Items from a dataset
____
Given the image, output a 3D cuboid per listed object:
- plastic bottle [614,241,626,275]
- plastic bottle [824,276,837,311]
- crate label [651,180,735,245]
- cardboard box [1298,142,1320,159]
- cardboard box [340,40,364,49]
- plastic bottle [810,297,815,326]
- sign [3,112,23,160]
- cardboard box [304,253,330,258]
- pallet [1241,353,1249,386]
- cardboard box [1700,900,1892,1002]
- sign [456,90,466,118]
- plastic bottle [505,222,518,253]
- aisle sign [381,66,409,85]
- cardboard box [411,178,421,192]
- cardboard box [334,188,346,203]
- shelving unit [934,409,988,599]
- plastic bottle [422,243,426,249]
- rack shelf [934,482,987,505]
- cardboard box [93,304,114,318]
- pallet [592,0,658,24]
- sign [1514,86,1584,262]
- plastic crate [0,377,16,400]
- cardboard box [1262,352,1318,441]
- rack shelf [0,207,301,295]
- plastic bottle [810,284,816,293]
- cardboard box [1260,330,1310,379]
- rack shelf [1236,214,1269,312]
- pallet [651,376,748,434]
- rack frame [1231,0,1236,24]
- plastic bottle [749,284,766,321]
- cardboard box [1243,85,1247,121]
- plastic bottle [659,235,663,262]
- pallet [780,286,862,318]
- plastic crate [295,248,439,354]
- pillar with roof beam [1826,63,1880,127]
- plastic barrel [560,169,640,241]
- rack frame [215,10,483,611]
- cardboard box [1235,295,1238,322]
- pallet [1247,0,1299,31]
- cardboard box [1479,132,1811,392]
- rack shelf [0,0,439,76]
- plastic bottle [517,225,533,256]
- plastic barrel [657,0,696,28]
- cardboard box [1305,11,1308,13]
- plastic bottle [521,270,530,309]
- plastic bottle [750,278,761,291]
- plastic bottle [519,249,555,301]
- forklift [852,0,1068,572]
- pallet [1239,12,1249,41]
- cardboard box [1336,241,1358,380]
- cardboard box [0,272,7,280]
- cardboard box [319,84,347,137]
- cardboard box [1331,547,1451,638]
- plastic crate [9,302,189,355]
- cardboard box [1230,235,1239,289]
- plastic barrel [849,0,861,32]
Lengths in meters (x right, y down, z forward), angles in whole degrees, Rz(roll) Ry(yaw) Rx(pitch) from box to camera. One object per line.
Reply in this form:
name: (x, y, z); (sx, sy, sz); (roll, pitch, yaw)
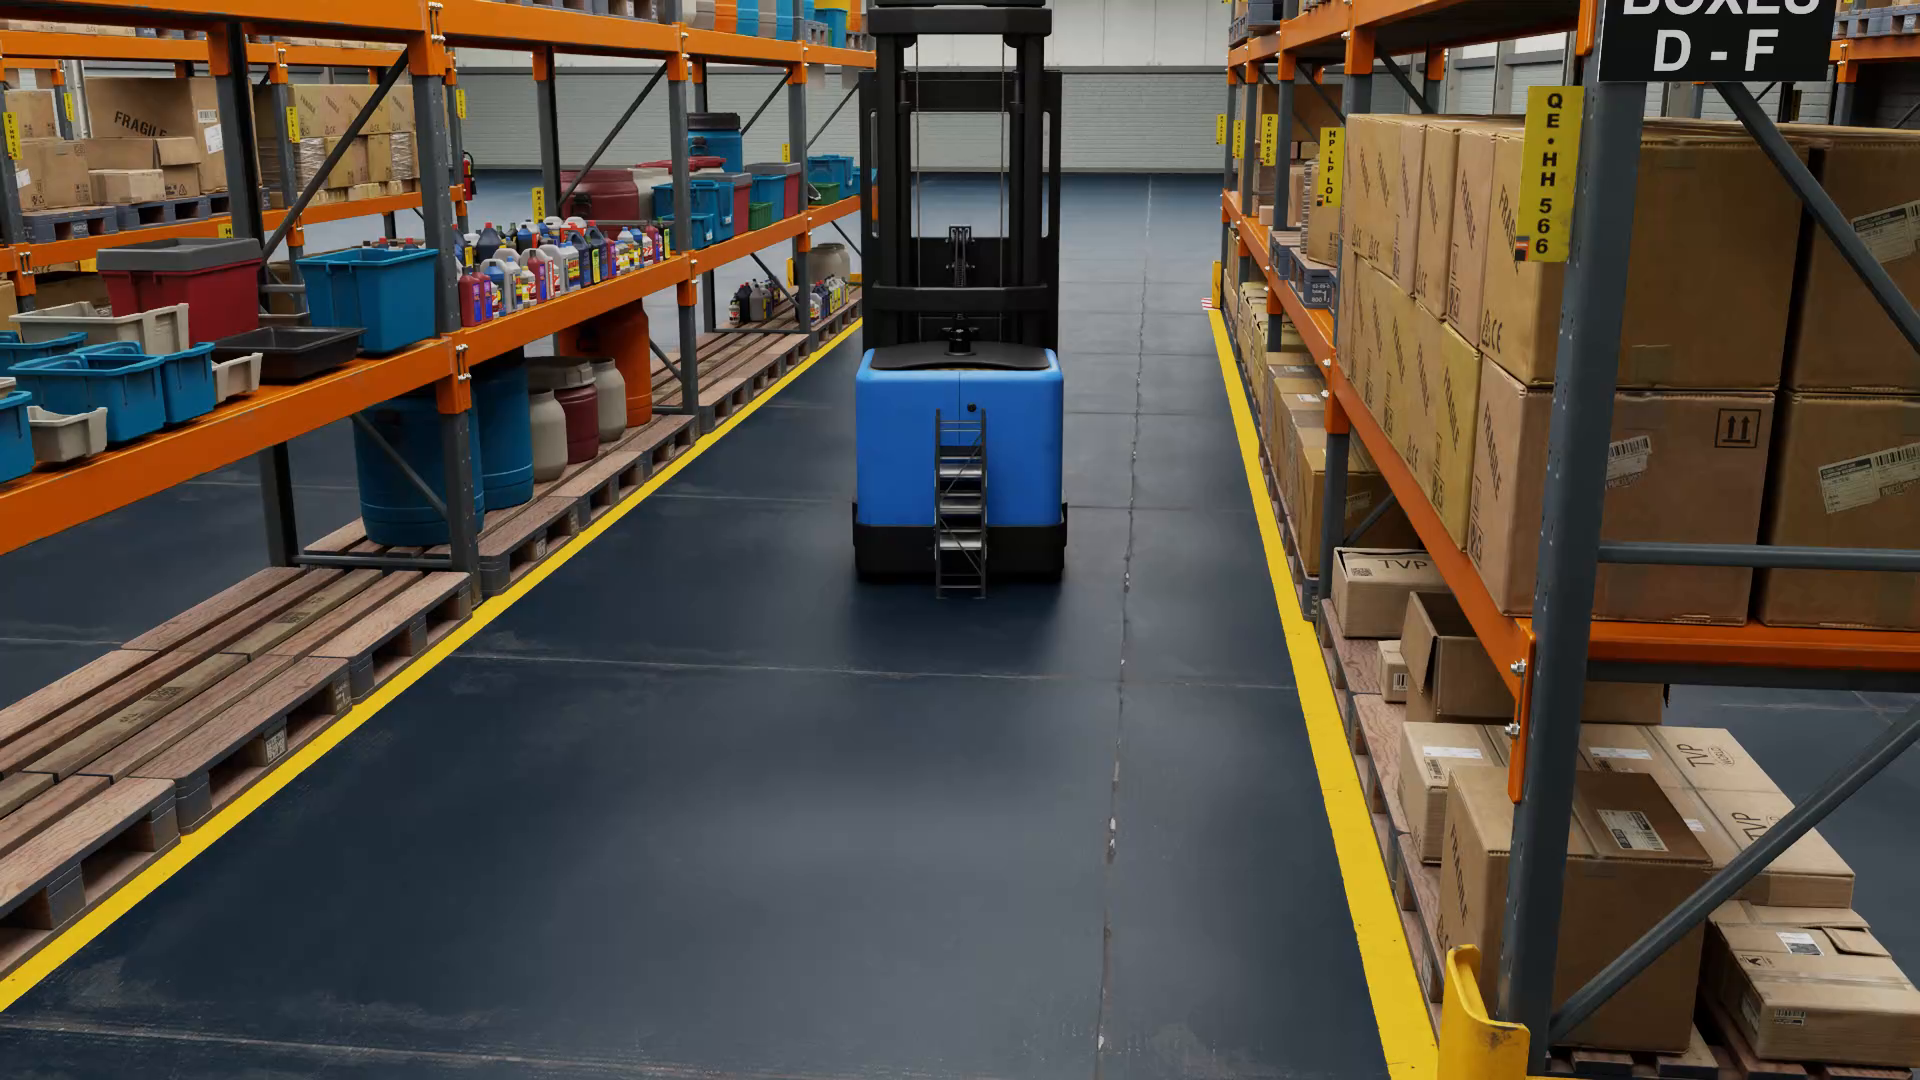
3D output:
plastic bottle: (-2.101, -1.725, 10.176); (0.097, 0.201, 0.097); (0, 15, 0)
plastic bottle: (-1.332, -2.507, 16.918); (0.144, 0.351, 0.185); (2, 15, 6)
crate label: (-1.976, -2.446, 12.394); (0.502, 0.435, 0.616); (2, 15, 6)
cardboard box: (3.239, -3.495, 14.907); (0.380, 0.149, 0.250); (2, 15, 6)
cardboard box: (-6.400, -5.113, 16.866); (0.500, 0.250, 0.500); (1, 15, 4)
plastic bottle: (-1.434, -2.182, 15.868); (0.097, 0.271, 0.097); (0, 15, 0)
sign: (-6.726, -2.869, 11.806); (0.100, 0.325, 0.005); (2, 15, 6)
cardboard box: (-6.692, -2.773, 17.656); (0.500, 0.500, 0.500); (0, 15, 1)
pallet: (2.972, -1.532, 14.421); (1.003, 0.211, 1.213); (2, 15, 6)
cardboard box: (2.079, 1.035, 4.175); (0.380, 0.166, 0.250); (2, 15, 6)
sign: (-5.826, -5.090, 19.416); (0.100, 0.325, 0.005); (2, 15, 6)
plastic bottle: (-2.839, -1.867, 10.543); (0.061, 0.283, 0.133); (2, 15, 6)
aisle sign: (-6.666, -5.680, 19.440); (0.394, 0.787, 0.004); (2, 15, 6)
cardboard box: (-6.251, -4.003, 18.701); (0.380, 0.149, 0.250); (2, 15, 6)
cardboard box: (-6.443, -3.483, 16.779); (0.380, 0.149, 0.250); (2, 15, 6)
shelving unit: (0.003, -0.174, 8.083); (0.258, 0.900, 0.210); (0, 15, 0)
plastic bottle: (-2.945, -1.514, 9.253); (0.152, 0.276, 0.135); (2, 15, 6)
rack shelf: (0.003, -0.229, 8.069); (0.258, 0.077, 0.200); (0, 15, 0)
cardboard box: (-7.172, -1.649, 13.461); (0.700, 0.500, 0.500); (0, 15, 2)
pallet: (-2.540, -3.341, 10.385); (1.003, 0.211, 1.213); (2, 15, 6)
sign: (1.113, -0.691, 3.146); (0.100, 0.325, 0.005); (2, 15, 6)
plastic crate: (-3.278, -0.448, 5.462); (0.298, 0.136, 0.250); (2, 15, 6)
cardboard box: (2.230, -0.928, 10.795); (0.500, 0.500, 0.500); (2, 15, 9)
rack shelf: (-7.052, -2.497, 14.027); (1.077, 0.370, 4.000); (2, 15, 6)
plastic bottle: (-1.482, -2.468, 16.919); (0.152, 0.276, 0.135); (2, 15, 6)
cardboard box: (2.379, -1.322, 11.692); (0.500, 0.311, 0.500); (2, 15, 8)
rack shelf: (2.791, -2.204, 12.944); (1.077, 0.370, 4.000); (2, 15, 6)
pallet: (-2.230, -1.033, 12.578); (1.003, 0.211, 1.213); (2, 15, 6)
rack frame: (3.468, -7.003, 17.822); (1.000, 3.000, 0.127); (2, 15, 6)
plastic bottle: (-1.976, -2.322, 16.233); (0.144, 0.351, 0.185); (2, 15, 6)
cardboard box: (3.342, -4.511, 17.420); (0.700, 0.500, 0.500); (1, 15, 5)
plastic bottle: (-2.009, -1.936, 10.958); (0.097, 0.201, 0.097); (0, 15, 0)
pallet: (-1.513, -2.676, 18.655); (1.003, 0.211, 1.213); (2, 15, 6)
plastic crate: (-2.522, -1.032, 7.147); (0.392, 0.384, 0.575); (2, 15, 6)
pillar with roof beam: (4.893, -6.778, 16.989); (9.100, 9.000, 0.400); (2, 15, 6)
plastic barrel: (-2.605, -2.374, 11.935); (0.600, 0.536, 0.708); (2, 15, 6)
rack frame: (-2.808, -1.142, 7.638); (1.000, 3.000, 0.127); (2, 15, 6)
cardboard box: (2.918, -2.201, 16.020); (0.500, 0.250, 0.500); (2, 15, 6)
pallet: (2.553, -3.568, 11.225); (1.213, 0.211, 1.003); (2, 15, 9)
cardboard box: (1.439, -0.612, 3.572); (0.500, 0.500, 0.500); (2, 15, 6)
rack shelf: (-3.033, -1.724, 5.422); (1.077, 0.370, 4.000); (2, 15, 6)
plastic bottle: (-2.758, -1.863, 10.553); (0.097, 0.271, 0.097); (0, 15, 0)
plastic barrel: (-2.017, -3.753, 11.333); (0.421, 0.512, 0.421); (0, 15, 0)
cardboard box: (2.492, -3.282, 9.616); (0.910, 0.500, 0.500); (2, 15, 6)
plastic bottle: (-2.284, -1.304, 8.619); (0.097, 0.201, 0.097); (0, 15, 0)
plastic bottle: (-2.061, -2.459, 16.743); (0.144, 0.351, 0.185); (2, 15, 6)
plastic bottle: (-2.272, -1.431, 8.945); (0.152, 0.276, 0.135); (2, 15, 6)
forklift: (0.002, -1.579, 9.385); (1.130, 2.935, 3.031); (0, 15, 0)
pallet: (3.087, -4.697, 15.209); (1.003, 0.211, 1.213); (2, 15, 6)
cardboard box: (1.785, -0.919, 6.623); (0.500, 0.500, 0.500); (2, 15, 8)
cardboard box: (-11.400, -3.343, 19.046); (0.875, 0.875, 0.875); (1, 15, 5)
cardboard box: (-6.468, -4.276, 16.552); (0.500, 0.500, 0.500); (2, 15, 6)
cardboard box: (1.851, 0.193, 7.009); (0.500, 0.311, 0.500); (2, 15, 6)
plastic crate: (-3.163, -0.723, 6.201); (0.437, 0.282, 0.530); (2, 15, 6)
cardboard box: (3.014, -2.823, 16.883); (0.500, 0.500, 0.500); (2, 15, 6)
plastic barrel: (-1.382, -5.982, 18.166); (0.600, 0.830, 0.708); (2, 15, 6)
____
YOUR ASSIGNMENT: If the word "object" is on a line above, return that line.

ANSWER TO THIS PROBLEM:
Given the image, output a 3D cuboid per listed object:
Lengths in meters (x right, y down, z forward), angles in whole degrees, Rz(roll) Ry(yaw) Rx(pitch) from box to camera. One object per line.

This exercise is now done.